As a freshly enrolled student at the Technical University in Berlin my dad became a  member of the Berlin chapter of the Akademische Fliegergruppe ("Akaflieg"), where his initiation into the world of fliers consisted of hard work building glider planes in his spare time. 

Only one year later, after having successfully built a plane with his comrades, could he take up flying lessons as early as in 1923 - to graduate the same year from the Glider School at the Wasserkuppe where most of the better known German aviators made their debuts as daring pilots.

As a completely assimilated German Jew my father considered himself to be a true German; so much so that he could not identify himself as a Jew at all. He was more than "just" German - he was Prussian to the bone, and he lived up to what people thought to be "essentially" Prussian virtues:  He was frugal, humble, principled, authoritarian, and filled by a marked sense of responsibility toward his country.
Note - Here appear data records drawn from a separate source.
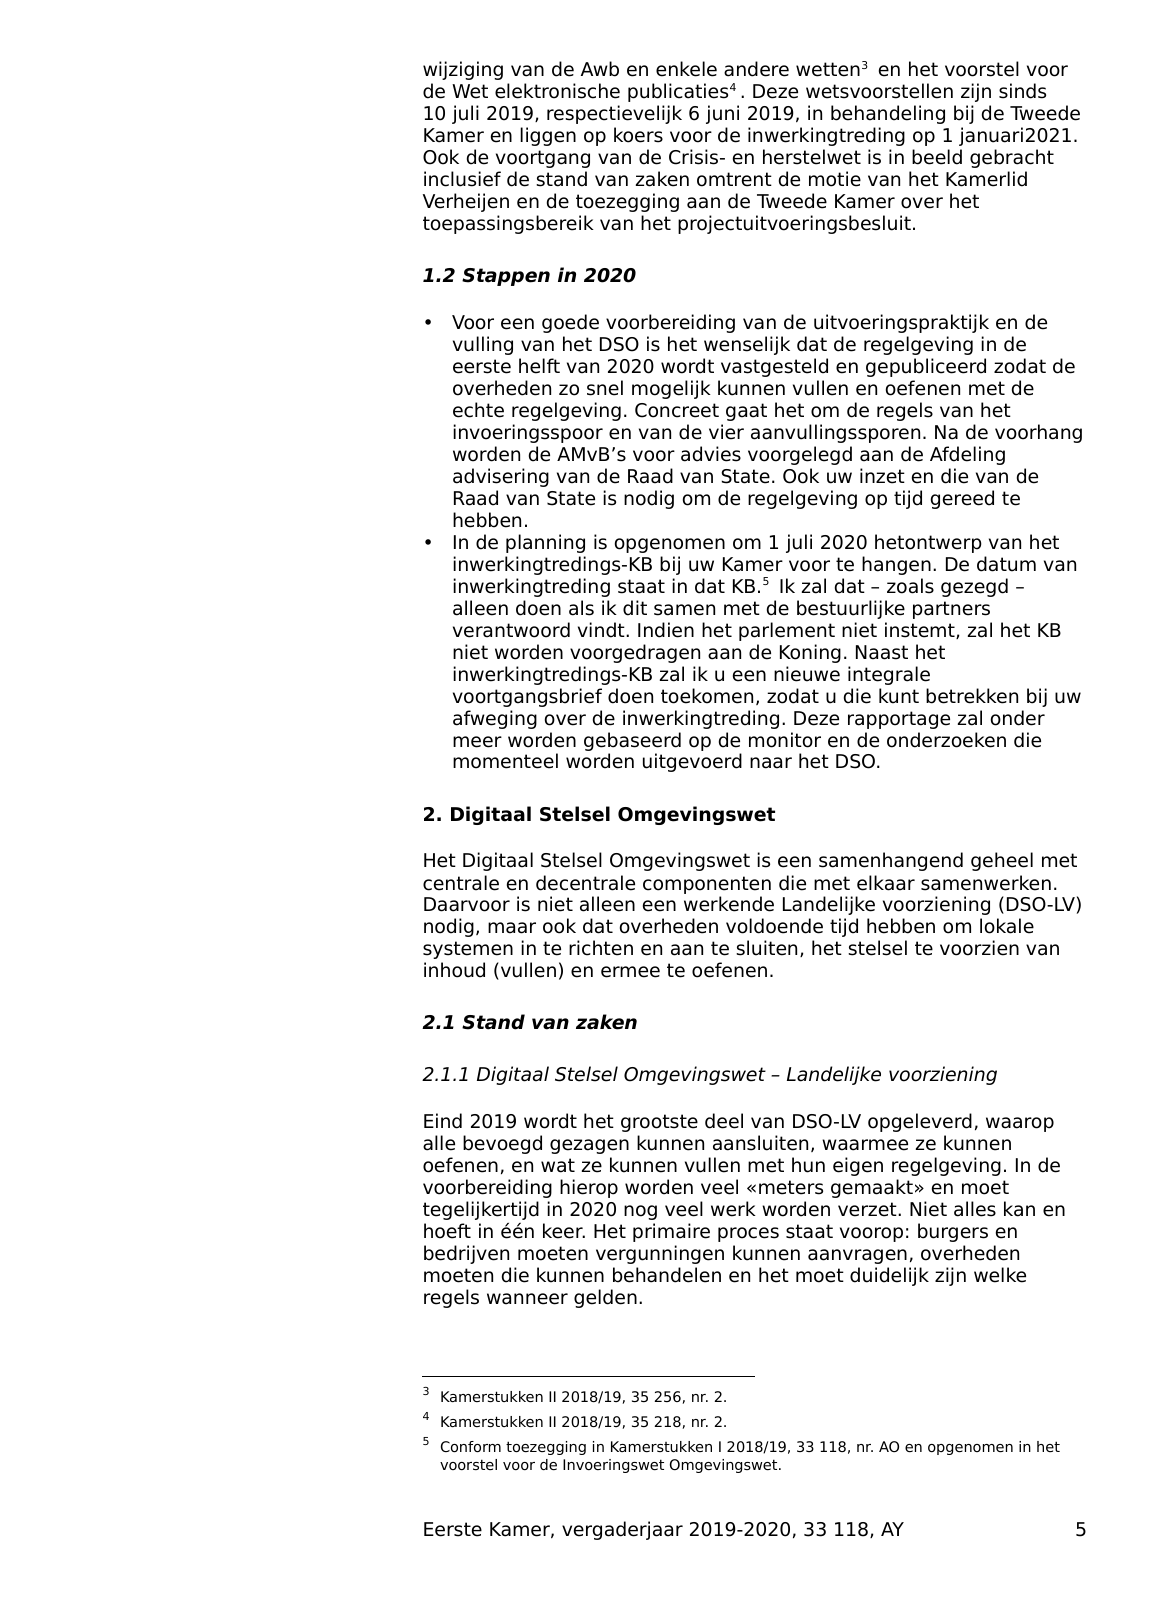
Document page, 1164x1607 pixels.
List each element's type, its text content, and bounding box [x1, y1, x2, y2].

text wijziging van de Awb en enkele andere wetten en het voorstel voor de Wet elektronische publicaties. Deze wetsvoorstellen zijn sinds 10 juli 2019, respectievelijk 6 juni 2019, in behandeling bij de Tweede Kamer en liggen op koers voor de inwerkingtreding op 1 januari2021. Ook de voortgang van de Crisis- en herstelwet is in beeld gebracht inclusief de stand van zaken omtrent de motie van het Kamerlid Verheijen en de toezegging aan de Tweede Kamer over het toepassingsbereik van het projectuitvoeringsbesluit. [422, 59, 1087, 235]
subtitle 2.1.1 Digitaal Stelsel Omgevingswet – Landelijke voorziening [422, 1064, 1087, 1086]
text Eind 2019 wordt het grootste deel van DSO-LV opgeleverd, waarop alle bevoegd gezagen kunnen aansluiten, waarmee ze kunnen oefenen, en wat ze kunnen vullen met hun eigen regelgeving. In de voorbereiding hierop worden veel «meters gemaakt» en moet tegelijkertijd in 2020 nog veel werk worden verzet. Niet alles kan en hoeft in één keer. Het primaire proces staat voorop: burgers en bedrijven moeten vergunningen kunnen aanvragen, overheden moeten die kunnen behandelen en het moet duidelijk zijn welke regels wanneer gelden. [422, 1111, 1087, 1309]
subtitle 2.1 Stand van zaken [422, 1012, 1087, 1034]
text • In de planning is opgenomen om 1 juli 2020 hetontwerp van het inwerkingtredings-KB bij uw Kamer voor te hangen. De datum van inwerkingtreding staat in dat KB. Ik zal dat – zoals gezegd – alleen doen als ik dit samen met de bestuurlijke partners verantwoord vindt. Indien het parlement niet instemt, zal het KB niet worden voorgedragen aan de Koning. Naast het inwerkingtredings-KB zal ik u een nieuwe integrale voortgangsbrief doen toekomen, zodat u die kunt betrekken bij uw afweging over de inwerkingtreding. Deze rapportage zal onder meer worden gebaseerd op de monitor en de onderzoeken die momenteel worden uitgevoerd naar het DSO. [422, 532, 1087, 773]
text Kamerstukken II 2018/19, 35 256, nr. 2. [422, 1385, 1087, 1407]
text Kamerstukken II 2018/19, 35 218, nr. 2. [422, 1410, 1087, 1432]
text Conform toezegging in Kamerstukken I 2018/19, 33 118, nr. AO en opgenomen in het voorstel voor de Invoeringswet Omgevingswet. [422, 1435, 1087, 1474]
subtitle 1.2 Stappen in 2020 [422, 265, 1087, 287]
subtitle 2. Digitaal Stelsel Omgevingswet [422, 803, 1087, 825]
text • Voor een goede voorbereiding van de uitvoeringspraktijk en de vulling van het DSO is het wenselijk dat de regelgeving in de eerste helft van 2020 wordt vastgesteld en gepubliceerd zodat de overheden zo snel mogelijk kunnen vullen en oefenen met de echte regelgeving. Concreet gaat het om de regels van het invoeringsspoor en van de vier aanvullingssporen. Na de voorhang worden de AMvB’s voor advies voorgelegd aan de Afdeling advisering van de Raad van State. Ook uw inzet en die van de Raad van State is nodig om de regelgeving op tijd gereed te hebben. [422, 312, 1087, 532]
text Het Digitaal Stelsel Omgevingswet is een samenhangend geheel met centrale en decentrale componenten die met elkaar samenwerken. Daarvoor is niet alleen een werkende Landelijke voorziening (DSO-LV) nodig, maar ook dat overheden voldoende tijd hebben om lokale systemen in te richten en aan te sluiten, het stelsel te voorzien van inhoud (vullen) en ermee te oefenen. [422, 850, 1087, 982]
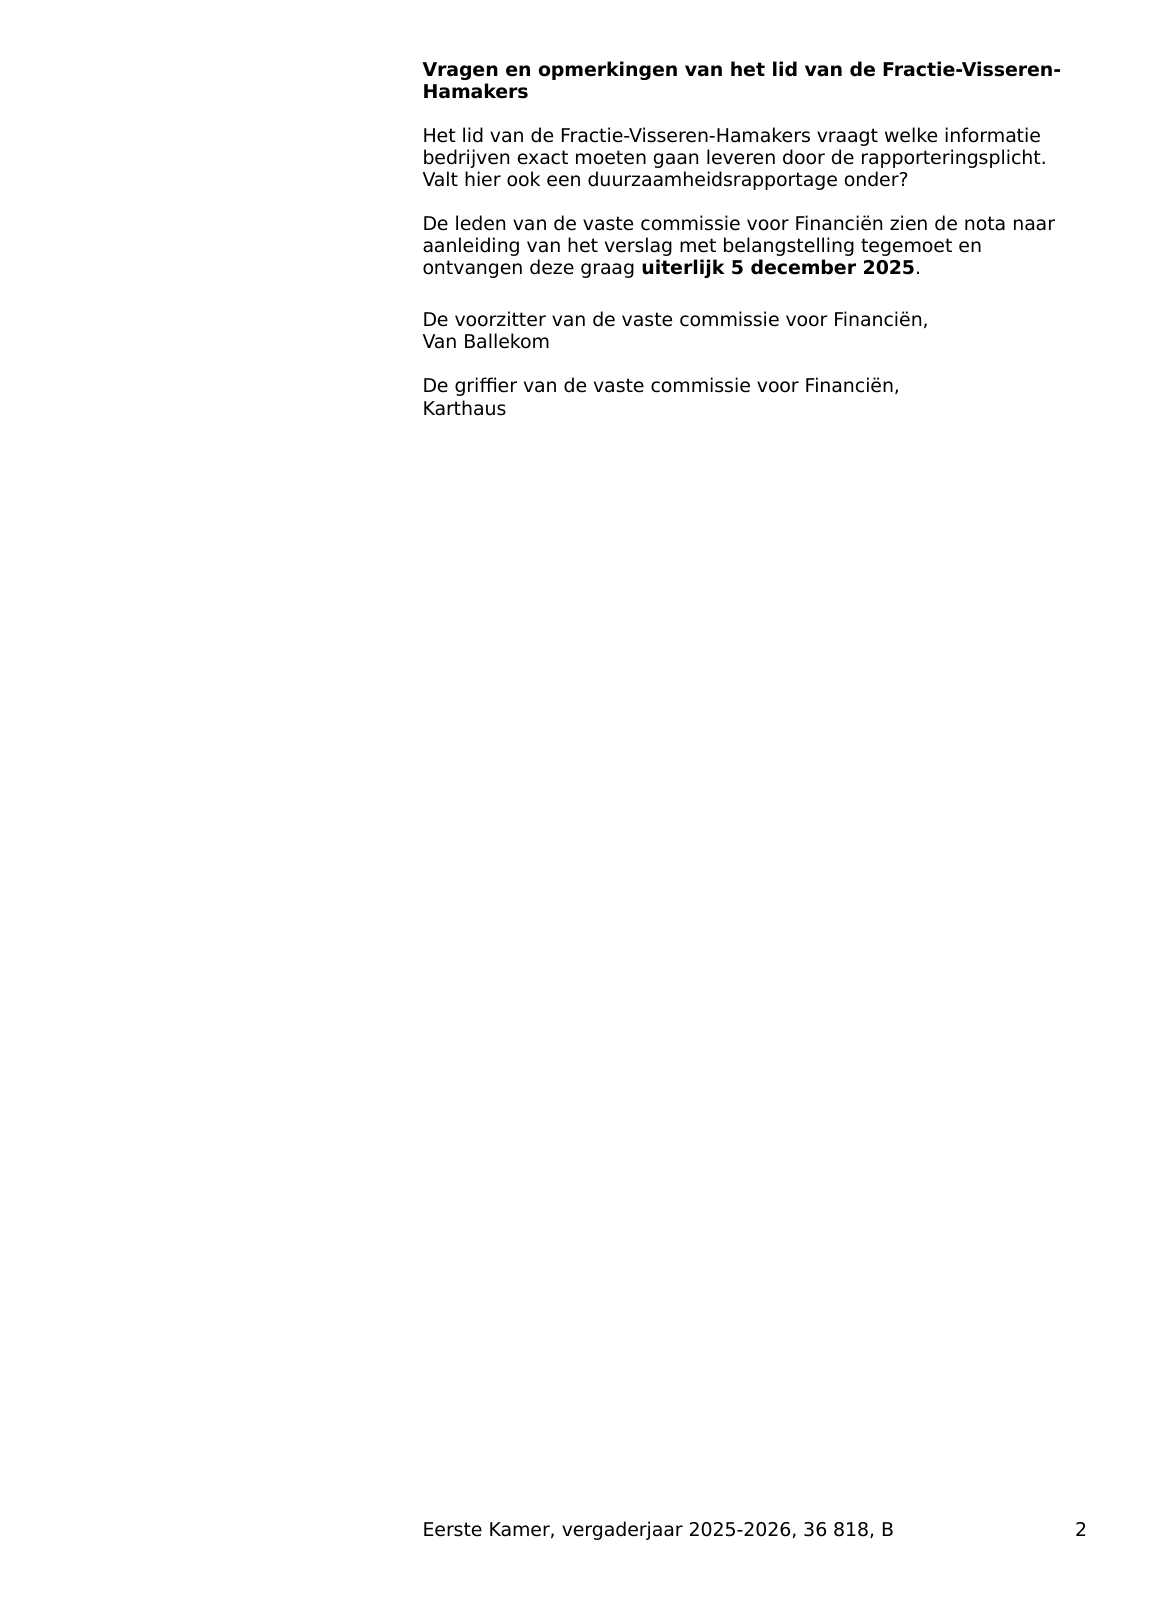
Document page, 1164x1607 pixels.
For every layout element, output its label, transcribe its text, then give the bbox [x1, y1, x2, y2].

subtitle Vragen en opmerkingen van het lid van de Fractie-Visseren-Hamakers [422, 59, 1087, 103]
text De voorzitter van de vaste commissie voor Financiën, Van Ballekom [422, 309, 1087, 353]
text De leden van de vaste commissie voor Financiën zien de nota naar aanleiding van het verslag met belangstelling tegemoet en ontvangen deze graag uiterlijk 5 december 2025. [422, 213, 1087, 279]
text Het lid van de Fractie-Visseren-Hamakers vraagt welke informatie bedrijven exact moeten gaan leveren door de rapporteringsplicht. Valt hier ook een duurzaamheidsrapportage onder? [422, 125, 1087, 191]
text De griffier van de vaste commissie voor Financiën, Karthaus [422, 375, 1087, 419]

We kids would have at times wished to have a 'less' Prussian father...   :-)

Wolfgang Leander left Germany only after he and aviation friends of his had to realize that the Nazis were serious about solving what they called the "Jewish Question". The determination of the Germans to expel the Jews from their society the became a stark reality when the infamous Nuremberg Racial Laws were introduced in 1935.  


Still, neither my father nor even pessimistic contemporaries, Jewish and non-Jewish, could imagine how the barbaric Jew-hatred and the exclusionary policies of the Hitler regime would develop only a few years later, when Hermann Goering, a veteran aviator and fighter ace of WW1, would order SS-General Reinhard Heydrich, known as the "Blonde Beast" among his peers,  to draw up a master plan for a "Final Solution" of the Jewish Question.
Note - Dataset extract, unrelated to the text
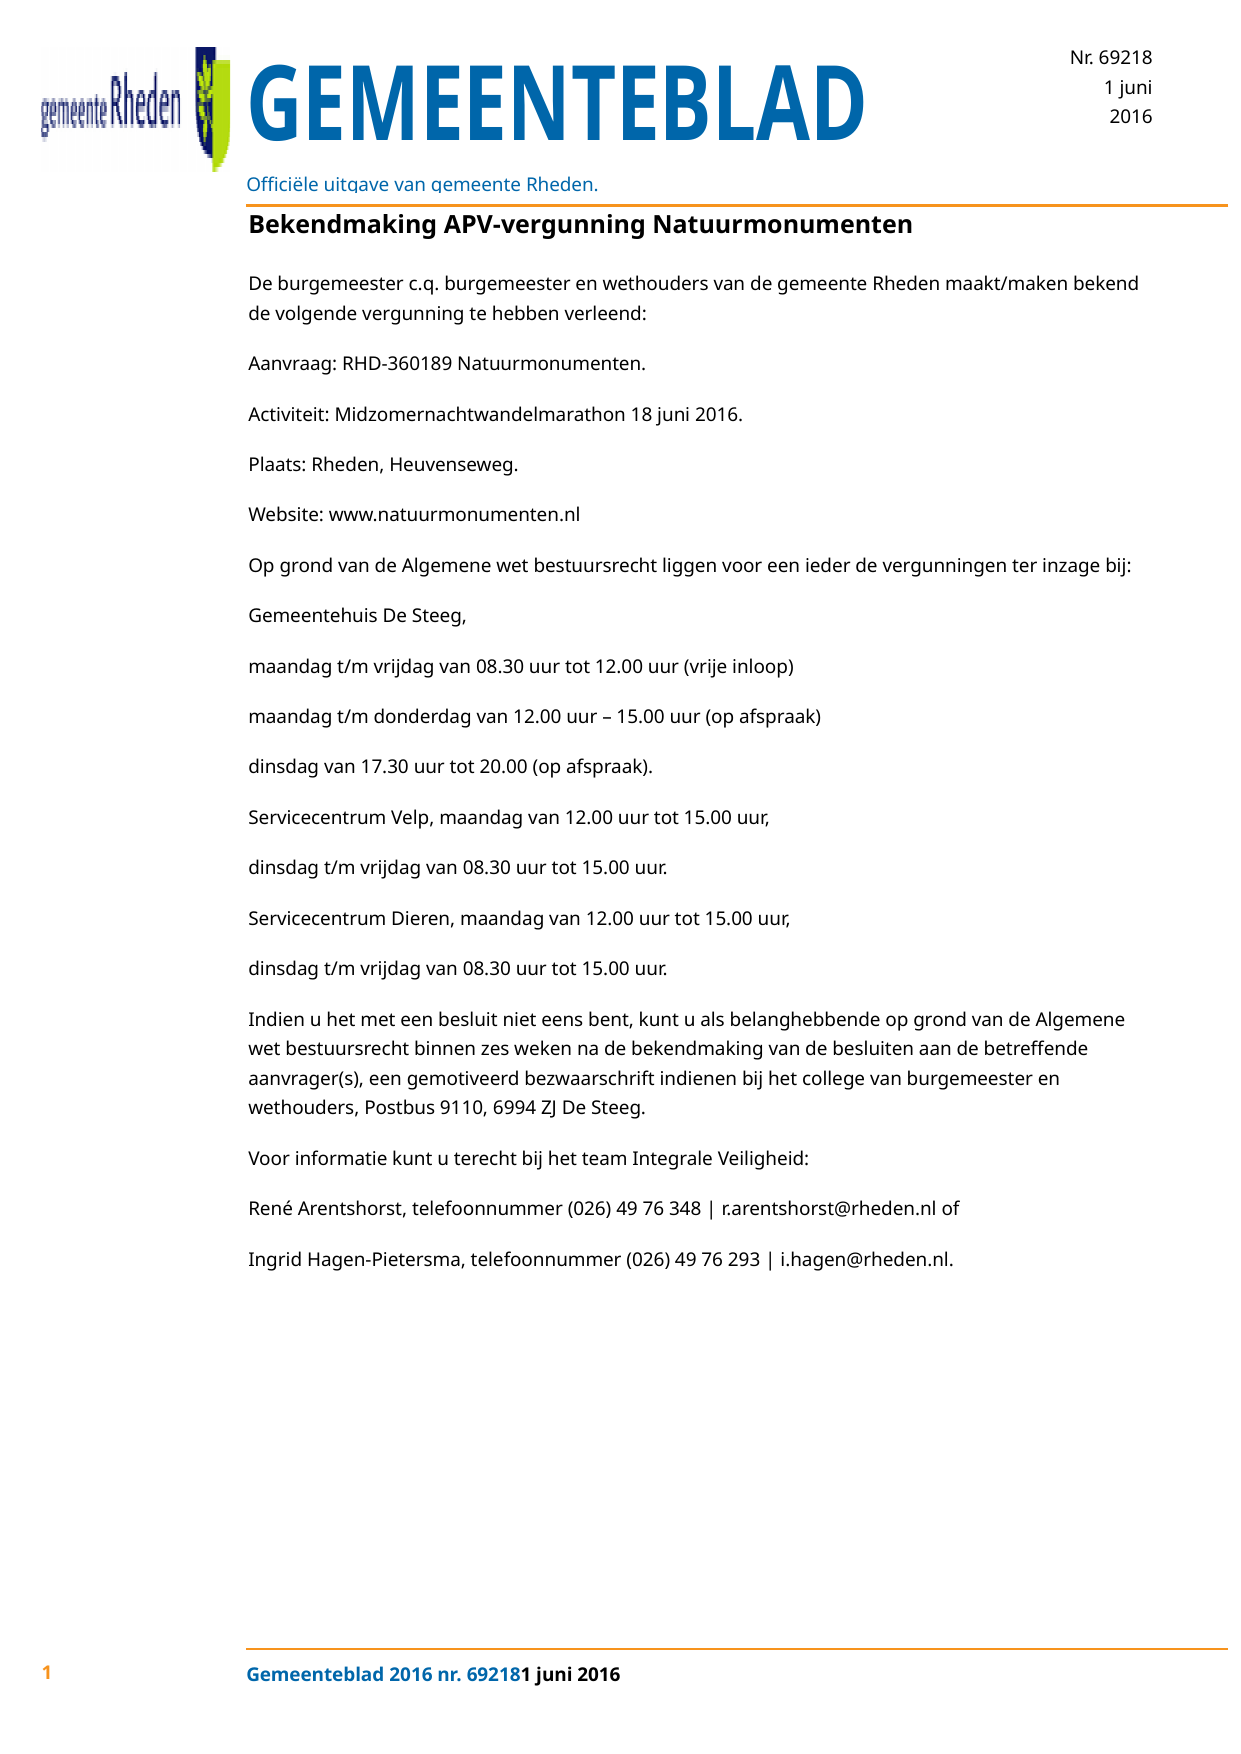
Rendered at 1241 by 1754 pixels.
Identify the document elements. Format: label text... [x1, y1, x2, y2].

Many German Jews put their trust into the "other" Germany - the Germany of Goethe, Schiller, Lessing, Herder, the philosophers, the composers who have so much enriched German cultural life, and shaped the country's identity as one of the most civilized modern nations. 

As we painfully know today, history proved these naive, patriotic German Jews  completely wrong: Their fate in the "new" Germany, the Third Reich, lay in the hands of the implacable 'Masters of Death': Heydrich, Himmler, Eichmann, and all those almost anonymous hundreds of thousands of Hitler's 'willing executioners'. 

Back to South America.

After working as a representative of two important German airplane manufacturers (Focke Wulf and Buecker) for almost one year out of Rio de Janeiro, my dad eventually settled in Bolivia in 1937 when he was invited to join the local airline, Lloyd Aereo Boliviano, as a commercial pilot.
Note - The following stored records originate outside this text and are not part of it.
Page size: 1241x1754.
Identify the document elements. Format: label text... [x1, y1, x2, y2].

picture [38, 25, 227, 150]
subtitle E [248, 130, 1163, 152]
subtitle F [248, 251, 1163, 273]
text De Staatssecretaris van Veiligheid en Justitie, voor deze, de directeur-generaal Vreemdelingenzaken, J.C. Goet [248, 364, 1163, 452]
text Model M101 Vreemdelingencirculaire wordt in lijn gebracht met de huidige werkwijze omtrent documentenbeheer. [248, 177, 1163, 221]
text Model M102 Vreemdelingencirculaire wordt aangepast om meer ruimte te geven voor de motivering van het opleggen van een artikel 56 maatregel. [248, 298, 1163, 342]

The Lloyd Aereo Boliviano had a strong German element in its beginnings: The company  was founded in 1925 by progressive German residents in Bolivia; the fleet consisted mostly of Junkers aircraft (F-13, W-34, Ju-86, and the famous Ju-52); the General Manager and chief pilot, Hermann Schroth, was a German  aviation pioneer (he was the first one to cross the Mediterranean Sea by air); technical support was given by the Dessau-based Junkers company; the majority of pilots and mechanics were Germans. 

"El Lloyd", as the airline was commonly called in Bolivia, was associated with the Deutsche Lufthansa through its Brazilian subsidiary, the 'Sindicato Condor', to be in a position to offer their passengers connecting flights to the major cities in Brazil.

I could write a lot more about my old man, but I will not try your patience any further, dear reader, and stop here with an irony of fate that characterized  his  turbulent life: 

In 1936 circumstances forced my father to leave Germany because he was a Jew; five years later, in September 1941, the Bolivian government, yielding to pressure from the U.S., fired my father, along with all other German employees of the Lloyd Aereo Boliviano,  because he was a German...



4 comments:

DaShark said...

Fascinating!

And it proves that being a crazy daredevil is in your genes! :)

Megan Frances said...

Priceless photograph and wonderful story!

Shark Diver said...

very cool story, he still has that grin

Wolfgang Leander said...

That grin is indeed a Leander trade mark!

Thanks to all of you for your comments.